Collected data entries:
:::::

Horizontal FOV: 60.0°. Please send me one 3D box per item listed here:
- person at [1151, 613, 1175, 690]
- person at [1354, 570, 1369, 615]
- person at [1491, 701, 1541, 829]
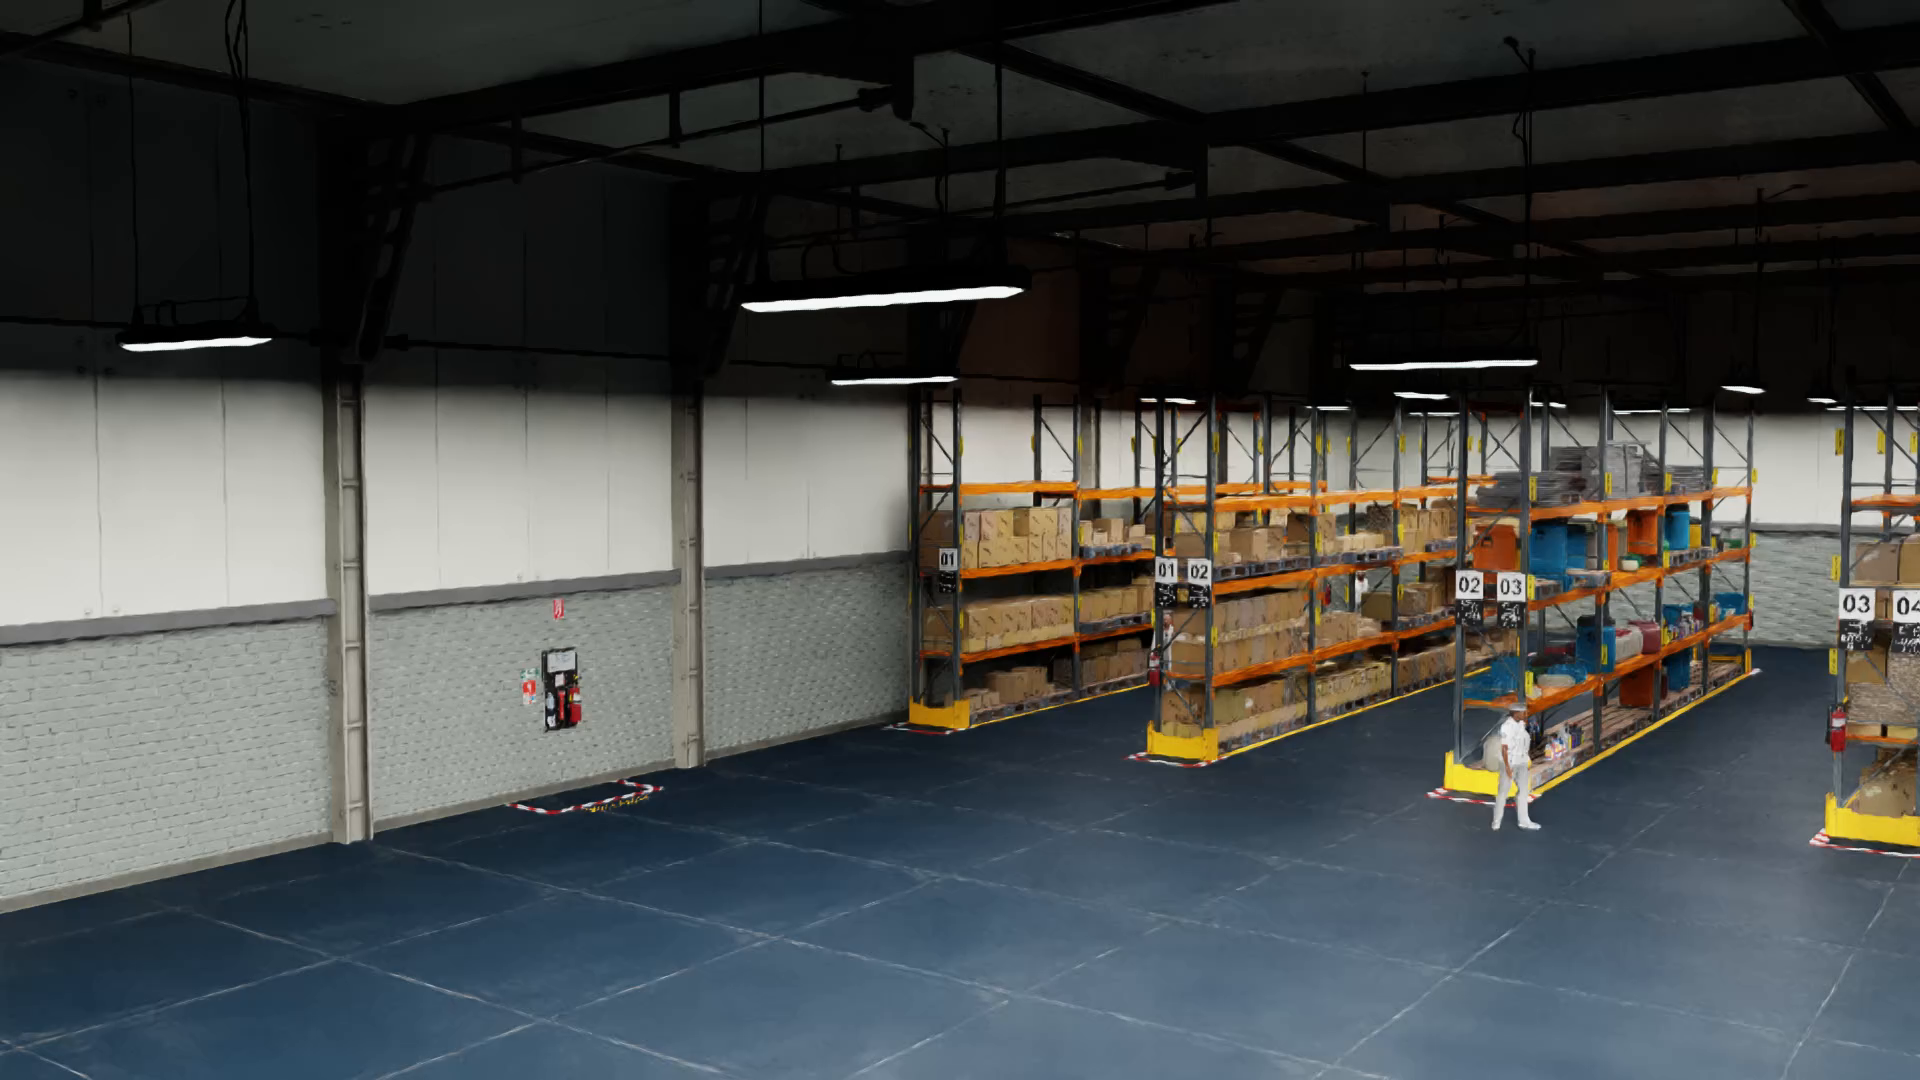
[{"bbox_3d":[4.019,2.283,32.360,0.580,1.715,1.102,2,4,27],"label":"person"},{"bbox_3d":[10.560,1.611,43.682,0.738,1.774,0.570,-1,3,-14],"label":"person"},{"bbox_3d":[7.227,2.927,21.691,0.589,1.674,0.468,-2,4,-30],"label":"person"}]

:::::

### Work request
Drop the images and transcribe the entries above exactly.

### Answer to this problem
Horizontal FOV: 60.0°. Please send me one 3D box per item listed here:
- person at [1151, 613, 1175, 690]
- person at [1354, 570, 1369, 615]
- person at [1491, 701, 1541, 829]
[{"bbox_3d":[4.019,2.283,32.360,0.580,1.715,1.102,2,4,27],"label":"person"},{"bbox_3d":[10.560,1.611,43.682,0.738,1.774,0.570,-1,3,-14],"label":"person"},{"bbox_3d":[7.227,2.927,21.691,0.589,1.674,0.468,-2,4,-30],"label":"person"}]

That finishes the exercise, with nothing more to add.